If Mr. Cole’s employment terminates as a result of his disability or death, he or his estate will be entitled to any previously earned and unpaid compensation then due to him plus any previously earned but unpaid annual bonus for the prior fiscal year and a pro-rata portion of the annual bonus for the year of such termination. In addition, in respect of termination as result of a disability, that portion of his 2008 PSUs and 2011 PSUs subject to vesting in the year of termination based on performance goals achieved as of the date of termination, and 50% of his unvested 2008 RSUs and 2011 RSUs, will vest. In respect of a termination as a result of death, that portion of Mr. Cole’s 2008 PSUs subject to vesting in the year of termination based on performance goals achieved as of the date of termination and 100% of the remaining unvested 2011 PSUs, 2008 RSUs and 2011 RSUs, shall vest.

The employment agreement with Mr. Cole also contains certain non-competition and non-solicitation covenants restricting certain activities for periods equal to the term of the agreement and any renewal period plus one and two years, respectively, after the agreement is terminated for any reason.
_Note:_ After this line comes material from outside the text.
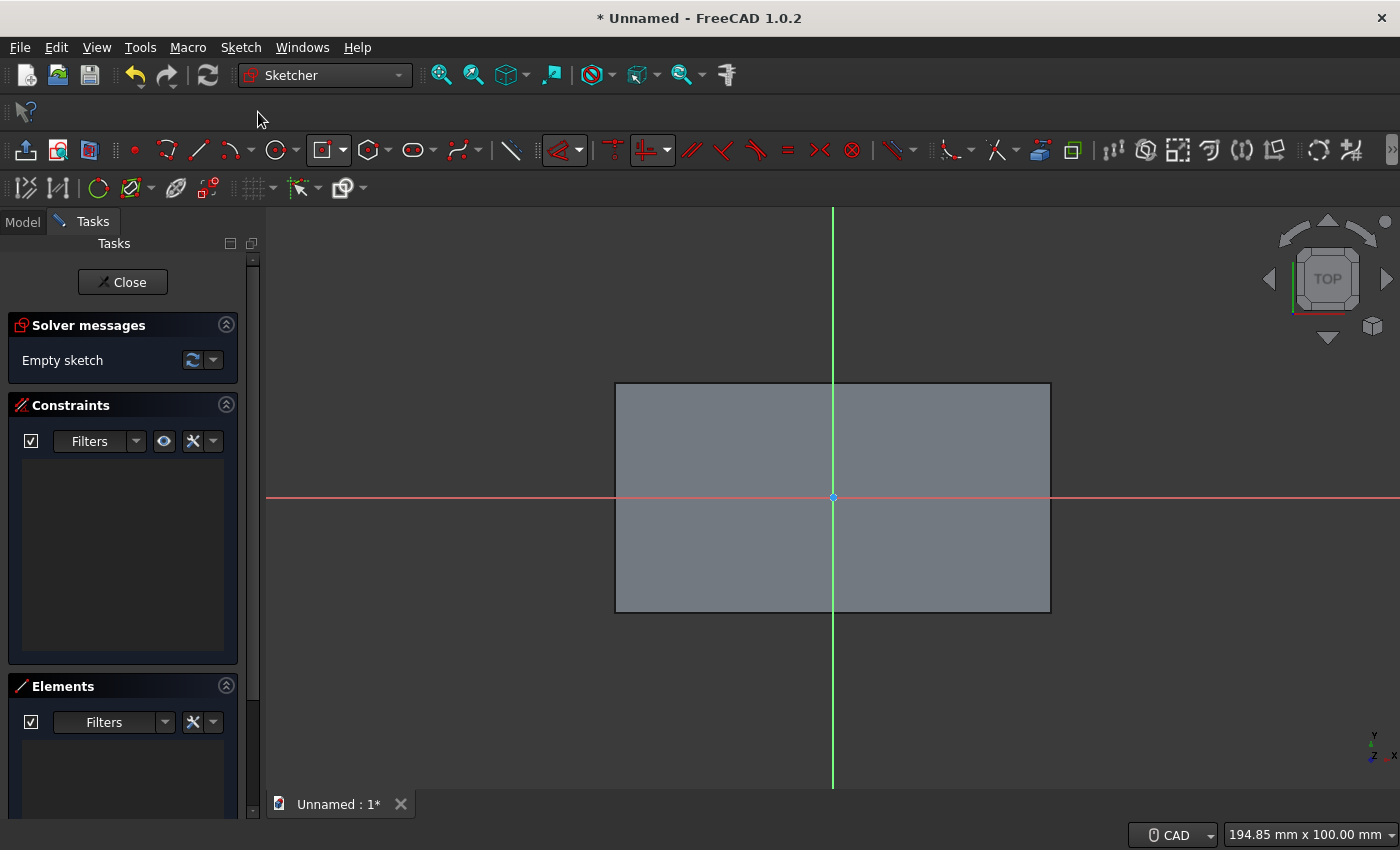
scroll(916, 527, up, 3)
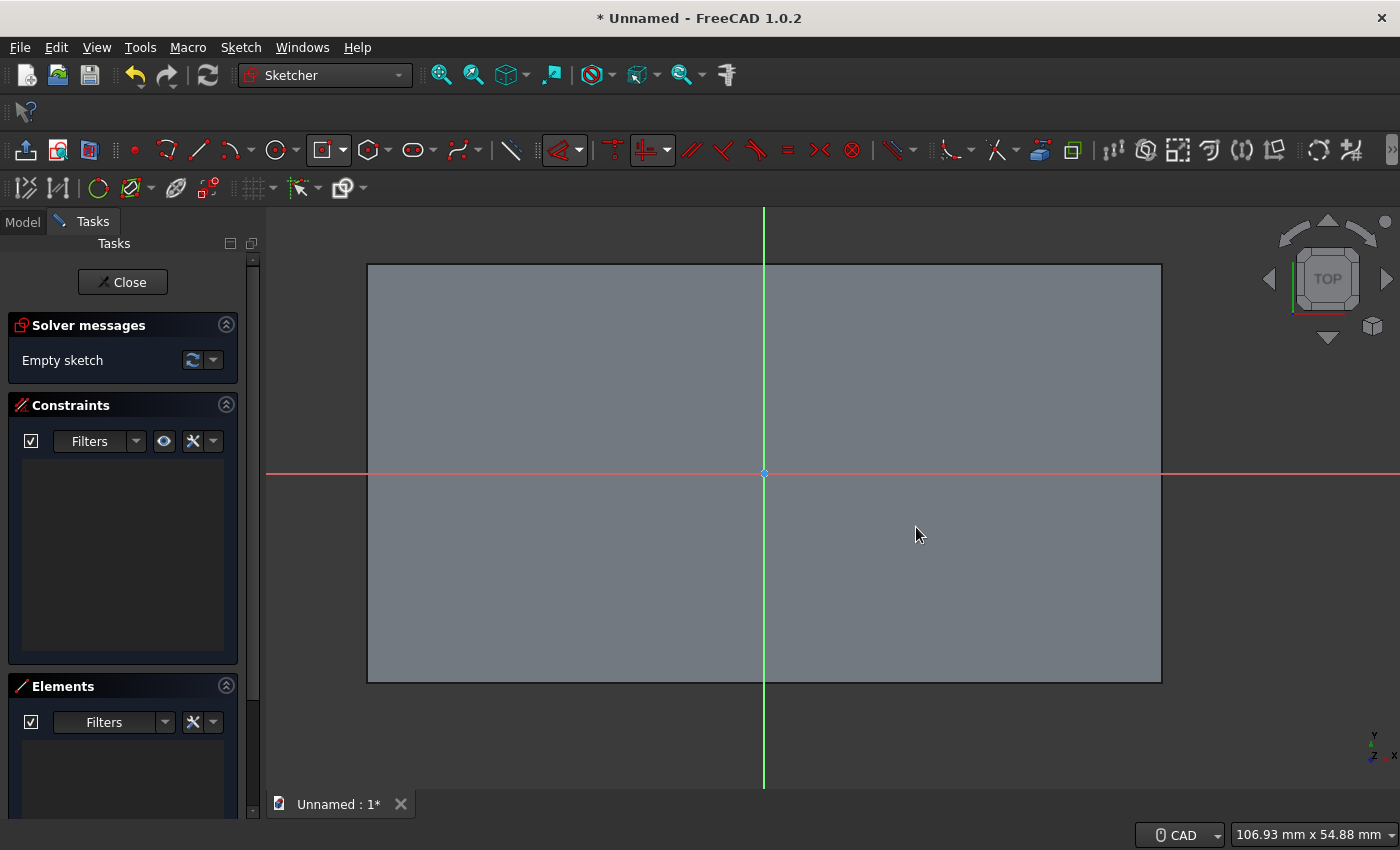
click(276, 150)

Warren Clamen and Andrew Tarshis

On October 7, 2011, we entered into amendments of the employment agreements dated November 11, 2008, with each of the following executive officers: (i) Andrew Tarshis (this employment agreement, as amended through October 7, 2011, is referred to as the Tarshis employment agreement) and (ii) Warren Clamen (this employment agreement, as amended through October 7, 2011, is referred to as the Clamen employment agreement and, together with the Tarshis employment agreement, the Clamen/Tarshis employment agreements, and each of Mr. Tarshis and Mr. Clamen are referred to in the description of the Clamen/Tarshis employment agreements below as an executive). The Clamen/Tarshis employment agreements provide for the employment of Mr. Tarshis as our executive vice president and general counsel through December 31, 2015 and of Mr. Clamen as our executive vice president and chief financial officer through December 31, 2013.

Under the Clamen employment agreement, Mr. Clamen is entitled to an annual base salary of not less than $450,000 from November 11, 2011 through December 2012 and $475,000 during 2013. Under the Tarshis employment agreement, Mr. Tarshis is entitled to an annual base salary of not less than $450,000 from November 11, 2011 through December 2012 and $475,000, $500,000 and $525,000, during 2013, 2014 and 2015. In addition, each executive is entitled to participate in our executive bonus program and is eligible to receive bonuses of up to 100% of his base salary or such maximum amount available under any executive bonus program generally applicable to our senior executives.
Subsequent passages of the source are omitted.